Нико вспоминает своих напуганных, изувеченных сестрёнок из бара и не может сдержать дрожи отвращения. Их заставляли раздвигать ноги перед мерзкими выродками губительных смесей из чистого интереса считай. Экспериментируя, пробуя что-то опытным путём и просто наслаждаясь порочным, блевотным извращением. Содомией.

– С этим покончено, – сухо утверждает Айзава. К этому короткому объяснению нечего больше добавить.

Потому что «покончено» без его помощи.

Потому что он был занят. Вечно где-то в другом. Не здесь. Вечно оттягивая, растягивая и дробя время, которого не было.

И потому что он даже теперь не способен пообещать ей, что подобного не повторится потом – через месяц, год или два. Нет и не было никогда у него права разбрасываться такими роскошными клятвами. Даже сухого, самого последнего по нужде «прости» не выходит.

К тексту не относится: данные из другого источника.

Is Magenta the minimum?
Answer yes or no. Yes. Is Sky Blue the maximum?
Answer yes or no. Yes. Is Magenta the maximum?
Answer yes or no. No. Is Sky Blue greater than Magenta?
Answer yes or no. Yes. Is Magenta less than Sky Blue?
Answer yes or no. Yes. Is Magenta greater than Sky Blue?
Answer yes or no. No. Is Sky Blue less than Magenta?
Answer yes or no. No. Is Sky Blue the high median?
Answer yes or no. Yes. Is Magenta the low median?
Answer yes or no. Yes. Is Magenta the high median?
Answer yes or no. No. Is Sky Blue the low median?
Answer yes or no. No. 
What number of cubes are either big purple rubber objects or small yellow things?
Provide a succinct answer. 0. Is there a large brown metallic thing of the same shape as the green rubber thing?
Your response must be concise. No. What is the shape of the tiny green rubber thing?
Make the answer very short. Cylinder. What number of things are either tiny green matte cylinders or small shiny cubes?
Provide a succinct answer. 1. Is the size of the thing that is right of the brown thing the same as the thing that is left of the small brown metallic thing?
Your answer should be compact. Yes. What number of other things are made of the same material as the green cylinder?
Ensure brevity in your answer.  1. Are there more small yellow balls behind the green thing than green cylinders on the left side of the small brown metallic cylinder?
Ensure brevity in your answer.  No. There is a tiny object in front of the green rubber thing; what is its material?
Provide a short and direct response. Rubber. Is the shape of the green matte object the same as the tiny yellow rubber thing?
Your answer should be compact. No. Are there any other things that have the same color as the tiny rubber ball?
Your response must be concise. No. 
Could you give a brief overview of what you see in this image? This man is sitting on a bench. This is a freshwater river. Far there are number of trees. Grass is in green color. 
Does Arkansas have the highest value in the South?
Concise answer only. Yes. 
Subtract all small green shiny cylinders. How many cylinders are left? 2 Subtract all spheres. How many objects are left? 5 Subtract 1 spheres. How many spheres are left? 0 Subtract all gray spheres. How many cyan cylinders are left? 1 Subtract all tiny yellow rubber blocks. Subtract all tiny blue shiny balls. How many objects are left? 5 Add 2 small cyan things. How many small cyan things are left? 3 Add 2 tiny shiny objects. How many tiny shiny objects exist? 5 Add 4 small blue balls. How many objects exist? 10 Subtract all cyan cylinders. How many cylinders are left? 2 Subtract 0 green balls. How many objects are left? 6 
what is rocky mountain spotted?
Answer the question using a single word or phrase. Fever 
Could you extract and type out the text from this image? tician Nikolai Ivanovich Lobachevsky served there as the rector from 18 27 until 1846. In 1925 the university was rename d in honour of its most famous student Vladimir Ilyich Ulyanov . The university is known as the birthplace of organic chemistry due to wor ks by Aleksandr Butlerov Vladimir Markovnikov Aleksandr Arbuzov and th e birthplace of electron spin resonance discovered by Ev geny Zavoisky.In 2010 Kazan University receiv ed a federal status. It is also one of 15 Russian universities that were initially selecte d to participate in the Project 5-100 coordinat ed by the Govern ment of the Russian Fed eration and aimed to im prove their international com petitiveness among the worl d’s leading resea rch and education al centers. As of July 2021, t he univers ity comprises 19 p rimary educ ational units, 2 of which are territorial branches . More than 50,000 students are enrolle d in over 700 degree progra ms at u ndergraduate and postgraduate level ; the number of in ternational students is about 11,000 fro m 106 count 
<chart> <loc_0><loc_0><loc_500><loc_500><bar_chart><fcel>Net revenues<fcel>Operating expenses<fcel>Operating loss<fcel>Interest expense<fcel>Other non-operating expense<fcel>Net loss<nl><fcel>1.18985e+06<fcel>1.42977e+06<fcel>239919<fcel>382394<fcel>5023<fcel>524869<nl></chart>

Прости за то, что ничего не сделал.

Мне жаль, что был с другими и занят другим.

Я извиняюсь перед тобой за то, что преуменьшал важность всего этого.

– Так до тупого просто, если честно, – Нико хочется открыто заржать. Закатиться гомерическим хохотом до боли: крутящей – в животе, и иссушающей – в лёгких. Если бы не было так паршиво. От чего только – не понятно.

Как же, всё-таки, никчёмна эта победа, когда не чувствуешь её вкуса. Когда вообще ничего не чувствуешь.

xxxi. Avicii - Feeling Good

Шестёрка, всего за мгновение превращается в четвёрку.

Одной фразой и письменным подтверждением, прикреплённым к результатам осмотра, перечёркивается всё, к чему Айзава готовил самого себя на протяжении нескольких дней перед плановым осмотром, на который он тащит Нико в добровольно-принудительном порядке.

Чрезмерное курение, отсутствие лечения, неправильные физические нагрузки и даже стресс (не особо влиятельный, но тоже добавляющий в копилку смерти пару лишних монет) – всё это срезает Суо два года, оставляя её организму ещё меньший срок.

Это простая математика для младшеклассников – шесть минус два равно четырём.

Врач удивляется – как Нико вообще умудрилась дожить до восемнадцати? – Айзава не видит в этом ничего, чем можно было бы восхититься.

– Значит, мне и пересадка уже не поможет, – находит в себе силы уточнить девушка. Хотя Айзава сомневается в том, что она делает это через силу или страх – смерть её не пугает.

– Мне очень жаль, Суо-сан.

Шота молча встаёт и выходит из кабинета. Он не умеет в красивые слова и жесты. Его лёгкие вот-вот лопнут от боли и нехватки кислорода.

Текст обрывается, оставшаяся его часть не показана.